Não deve haver uma pessoa no mundo que não seja atormentada, em algum assunto da sua envolvência, pela convicção de que as coisas deveriam ser diferentes daquilo que mostram ser. Há quem explore este desconforto para com o status quo para produzir as necessárias inovações. Mas também há quem sucumba e se derrote interiormente pela frustração de não ver materialziada essa versão diferente que defende.

A cada novo dia que vivemos cruzamo-nos inadvertidamente com pessoas a lutar pelo passado, a lutar pelo presente ou a lutar pelo futuro. Há também pessoas a sofrer pelo seu passado, pelo seu presente ou pelo futuro. A máxima budista de que todo o homem sente dor encaixa bem nesta descrição, mas o que me apraz frisar é que há danos colaterais da distração que estas diferentes dinâmicas criam.

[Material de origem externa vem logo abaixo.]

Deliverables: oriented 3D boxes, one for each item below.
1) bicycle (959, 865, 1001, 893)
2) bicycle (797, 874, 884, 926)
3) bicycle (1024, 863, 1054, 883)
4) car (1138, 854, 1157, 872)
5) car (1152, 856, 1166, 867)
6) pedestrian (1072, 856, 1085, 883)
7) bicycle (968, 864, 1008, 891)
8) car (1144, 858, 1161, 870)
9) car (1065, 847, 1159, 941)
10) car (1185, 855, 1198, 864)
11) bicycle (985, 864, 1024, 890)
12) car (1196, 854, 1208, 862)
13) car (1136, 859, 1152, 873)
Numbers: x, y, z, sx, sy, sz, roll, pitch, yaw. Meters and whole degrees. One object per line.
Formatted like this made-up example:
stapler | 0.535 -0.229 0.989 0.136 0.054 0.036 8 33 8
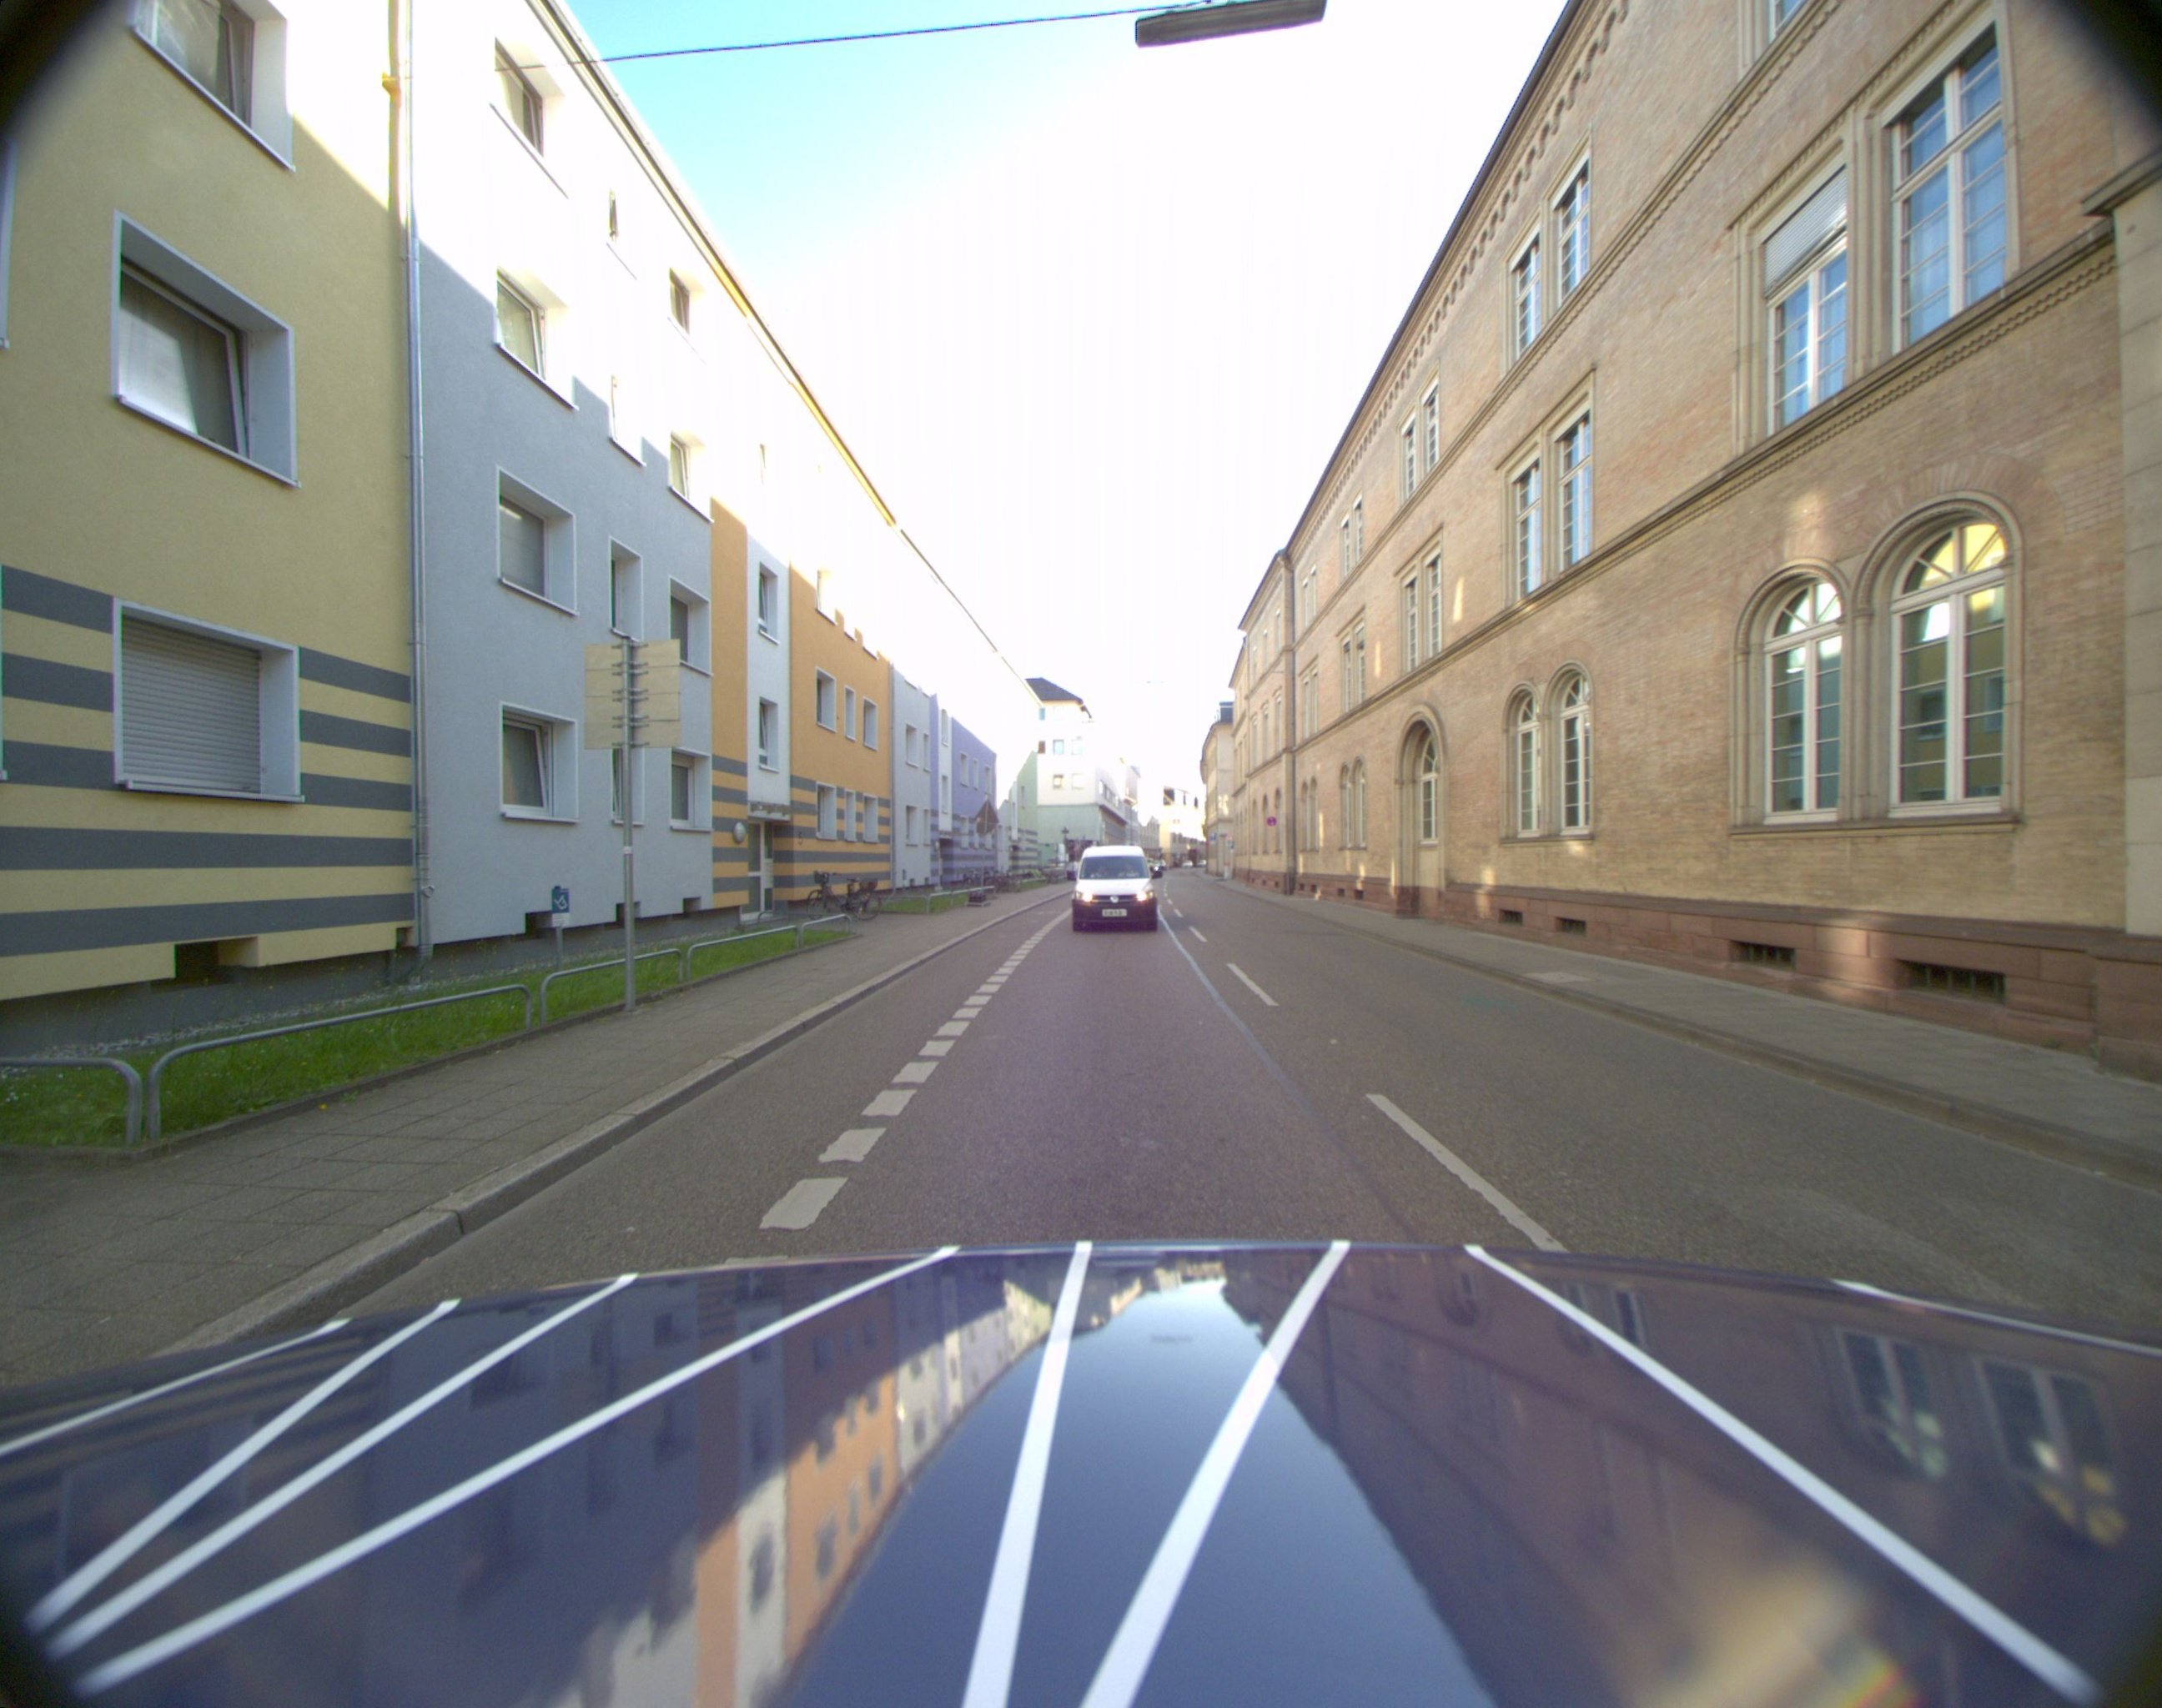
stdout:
bicycle | -4.243 1.050 31.835 1.676 1.145 0.484 0 0 4
bicycle | -5.391 1.016 17.098 1.780 1.116 0.484 0 0 -5
bicycle | -2.524 1.157 46.045 1.779 1.145 0.484 0 0 0
car | 9.401 1.252 107.084 2.103 2.263 5.506 -2 1 11
car | 12.634 1.202 122.695 1.997 1.643 4.231 -2 1 9
pedestrian | -0.139 0.985 47.633 0.705 1.627 0.833 2 2 5
bicycle | -4.038 1.023 33.128 1.676 1.145 0.484 0 0 4
car | 10.664 1.444 112.996 1.997 1.643 4.231 -2 1 10
car | 0.695 0.742 17.147 1.769 1.761 5.331 -1 1 2
car | 22.093 1.099 152.018 1.996 1.643 4.233 -2 1 17
bicycle | -3.379 1.007 33.674 1.676 1.145 0.484 0 0 4
car | 26.075 0.816 163.749 1.996 1.643 4.233 -2 1 17
car | 8.366 1.609 100.948 1.998 1.643 4.230 -2 1 6

Desde logo o peso que novos factos ou passagens assumem perante o cenário mental que está a ser vivido.

Quem põe o tónico mental no passado e se frustra com o que por lá se passou, tenderá a achar que o mal já está feito e que nada o suplantará. Esta atitude foi também a de séculos de humanidade  - como muito bem explicou Yuval Harari no seu livro Sapiens - quando vivia para expiar o pecado original, e quando via tudo daí para a frente como a degradação progressiva do mundo (face ao inexorável pecado original).

Quem põe o tónico mental no presente vive atormentado pela carga do real, pelos instantes irrepetíveis do que lhe coube de bom viver, ou pelos instantes que se eternizam do que lhe coube de mau viver. O presente tanto pode parecer passar a voar se à mente houver convição de que as coisas não deveriam mudar, como pode parecer progredir a passo de caracol quando o ímpeto reformista ou uma batalha decisiva se espera vislumbrar no horizonte.

Quem põe o tónico mental no futuro desconsidera a torto e a direito o que há. Vive em rejeição do passado e presente porque esses não saciam. E com isso sofre amordaçado pelo tardar tanto em chegar ao ponto onde as coisas não pareçam tão do passado como hoje parecem. Pode ser um visionário, mas pode também ser alguém que desperdiça o tempo certo pelo tempo incerto.